La Corte di Cassazione con la sentenza n. 15648 del 2 giugno 2013 interviene in tema di dichiarazione congiunta e confermando che gli accertamenti in rettifica delle dichiarazioni presentate in forma congiunta sono effettuati a nome di entrambi i coniugi e notificati nei confronti del marito e la responsabilità in solido dei coniugi per il pagamento dell’imposta, soprattasse, pene pecuniarie e interessi iscritti a ruolo a nome di uno dei due e che sia scaturito dalla dichiarazione congiunta.
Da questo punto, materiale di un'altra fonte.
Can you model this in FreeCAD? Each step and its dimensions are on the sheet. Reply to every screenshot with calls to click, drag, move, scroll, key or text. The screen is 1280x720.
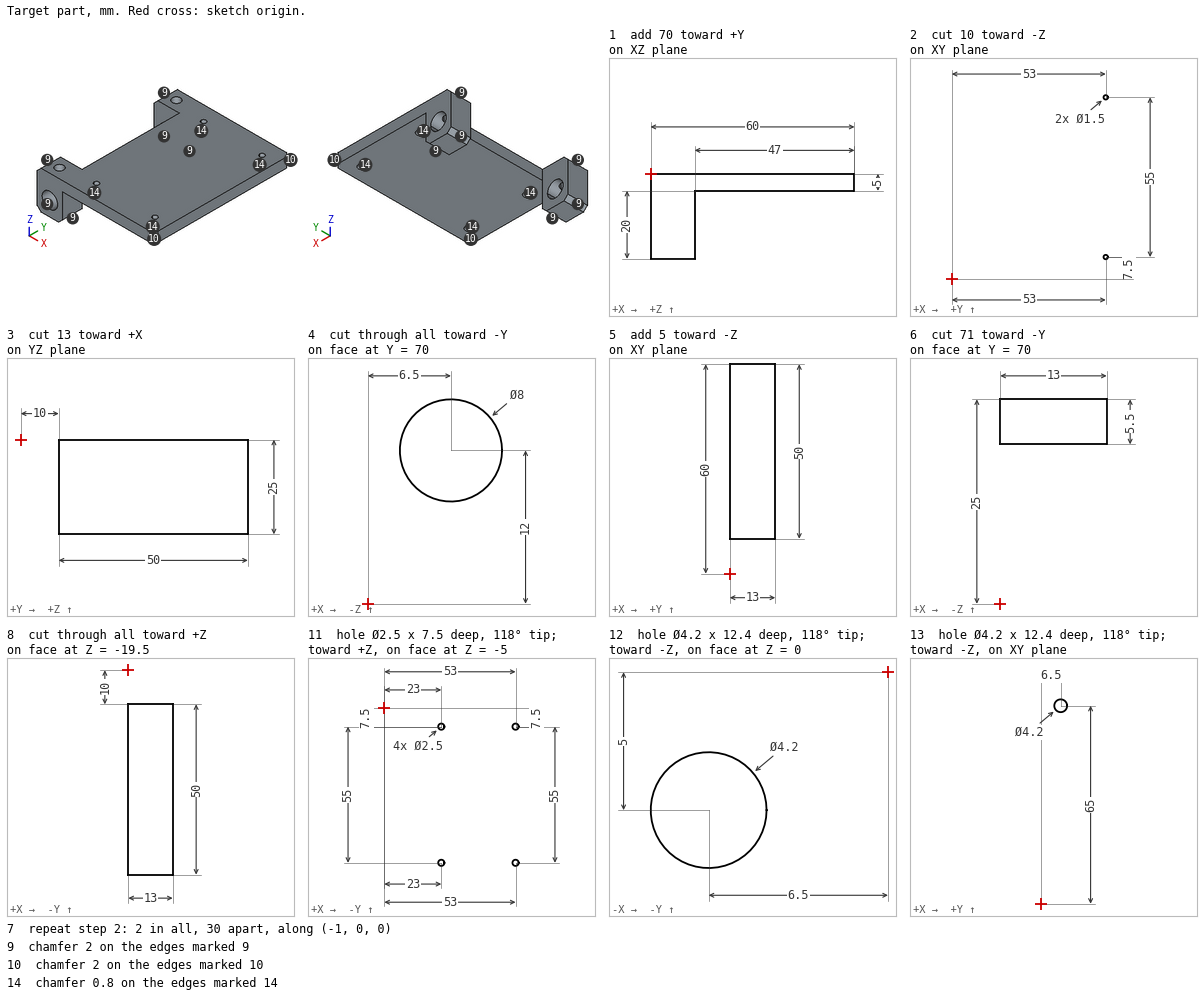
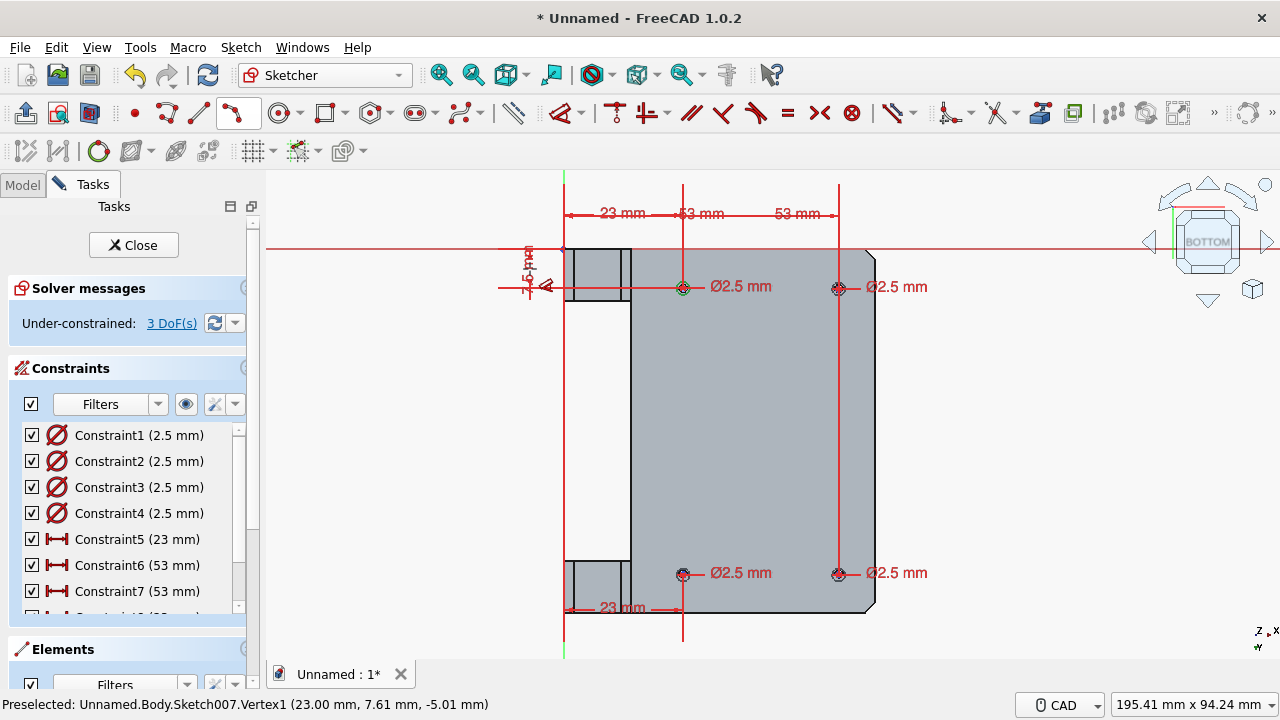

Il contenuto dell’art. 17 della Legge 114/1977 prevede chiaramente che gli accertamenti in rettifica delle dichiarazioni presentate in forma congiunta sono effettuati a nome di entrambi i coniugi e notificati nei confronti del marito. Principalmente per questo motivo la Suprema Corte ha respinto evidenziando che lo stesso articolo summenzionato specifica, all’ultimo comma, che “i coniugi sono responsabili in solido per il pagamento dell’imposta, soprattasse, pene pecuniarie e interessi iscritti a ruolo a nome del marito”.
La presentazione di una dichiarazione congiunta è una facoltà, non un obbligo, pertanto chi sceglie di aderire a tale modalità accetta, conseguentemente, anche i rischi che, eventualmente, da essa conseguano, come specificato dalla Cassazione nella precedente sentenza n. 12371/2002, o nella n. 2021/2003.
Il coniuge non può neppure portare a propria giustificazione, secondo i giudici di legittimità, il fatto di non essere più convivente.
Né può eccepirsi l’incostituzionalità della norma, dal momento che la mancata impugnazione dell’atto di rettifica da parte del marito non comporta la definitività dell’obbligazione tributaria in capo alla moglie, cui spetta, comunque, un’autonoma facoltà di far valere in giudizio le proprie ragioni.
Se ciò non avviene o se, come nel fatto di causa, la moglie si limita a contestare la mancata notifica personale, senza entrare nel merito della questione tributaria contestata, il ricorso deve essere rigettato, così come è stato rigettato dalla Cassazione nella sentenza in commento e in altre che l’hanno preceduta (cfr. ad es, Cass. 17347/2003).